In MDD not only glutamate regulation is impaired, but also GABA homeostasis. Indeed, reduced GABA levels have been found in the dorsomedial/dorsal anterolateral prefrontal cortex (Hasler et al., 2007), and in the occipital cortex (Sanacora et al., 2004) of depressed but not remitted MDD patients (Schür et al., 2016). Furthermore, in the dorsolateral prefrontal cortex, GABAA receptor subunits are up-regulated (Choudary et al., 2005, Sequeira et al., 2009). Interestingly, it has been shown that α1 and β3 subunit expression is selectively increased in suicide completers (Choudary et al., 2005).
6.3. Membrane channels and proteins
Several astrocytic-specific membrane channels have been demonstrated to be altered in MDD subjects. A decrease in gene and protein expression of Cx43 and Cx30 occurs in the dorsolateral prefrontal cortex of suicide completers (Ernst et al., 2011) and in the locus coeruleus of MDD patients (Bernard et al., 2011). Cx43 levels are also reduced in the orbitofrontal cortex (Miguel-Hidalgo et al., 2014) and hippocampus (Medina et al., 2016).
Astrocytes in MDD subjects display altered K+ and water homeostasis: Kir4.1 channels are down-regulated in the hippocampus of depressed patients (Medina et al., 2016); AQP4 immunoreactivity and mRNA levels decrease in the grey matter of orbitofrontal cortex, where the coverage of blood vessels by astrocytic endfeet is reduced (Rajkowska et al., 2013), in locus coeruleus and in the hippocampus of MDD patients, compared to psychiatrically-normal control subjects (Bernard et al., 2011, Medina et al., 2016).

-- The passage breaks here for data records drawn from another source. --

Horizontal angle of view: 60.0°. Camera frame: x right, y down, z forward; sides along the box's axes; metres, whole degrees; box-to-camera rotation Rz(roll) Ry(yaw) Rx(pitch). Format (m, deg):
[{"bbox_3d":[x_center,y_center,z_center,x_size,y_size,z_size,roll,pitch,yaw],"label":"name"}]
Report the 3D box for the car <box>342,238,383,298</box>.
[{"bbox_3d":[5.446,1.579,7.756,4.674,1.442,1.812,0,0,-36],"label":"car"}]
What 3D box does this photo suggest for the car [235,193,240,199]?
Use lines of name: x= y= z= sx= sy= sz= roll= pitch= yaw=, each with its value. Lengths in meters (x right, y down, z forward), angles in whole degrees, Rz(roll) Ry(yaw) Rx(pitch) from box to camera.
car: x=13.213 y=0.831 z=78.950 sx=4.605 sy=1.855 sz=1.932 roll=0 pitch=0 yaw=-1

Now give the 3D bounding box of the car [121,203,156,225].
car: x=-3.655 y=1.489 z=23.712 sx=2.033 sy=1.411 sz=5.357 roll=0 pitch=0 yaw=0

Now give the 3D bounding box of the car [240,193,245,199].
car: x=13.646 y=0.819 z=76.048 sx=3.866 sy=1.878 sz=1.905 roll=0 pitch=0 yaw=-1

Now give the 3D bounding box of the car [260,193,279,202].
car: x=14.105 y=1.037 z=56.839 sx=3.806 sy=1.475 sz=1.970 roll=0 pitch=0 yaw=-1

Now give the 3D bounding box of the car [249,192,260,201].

Finally, another astrocytic marker, the Ca2+ binding protein S100β, which is predominantly expressed and secreted by grey matter astrocytes and involved in several Ca2+-dependent intracellular functions, is affected in MDD pathology. S100β mRNA levels are decreased in the prefrontal cortex and hippocampus of depressed suicide victims (Bernard et al., 2011, Klempan et al., 2009), and the number of S100β+ astrocytes is strongly reduced in CA1 hippocampal region of MDD patients (Gos et al., 2013). Furthermore, in agreement with MDD astrocytic pathology, S100β cerebrospinal fluid and serum levels are increased (Grabe et al., 2001, Rothermundt et al., 2001, Schroeter et al., 2002, Schroeter et al., 2008), probably reflecting leakage of S100β from astrocytic cytoplasm into extracellular compartments.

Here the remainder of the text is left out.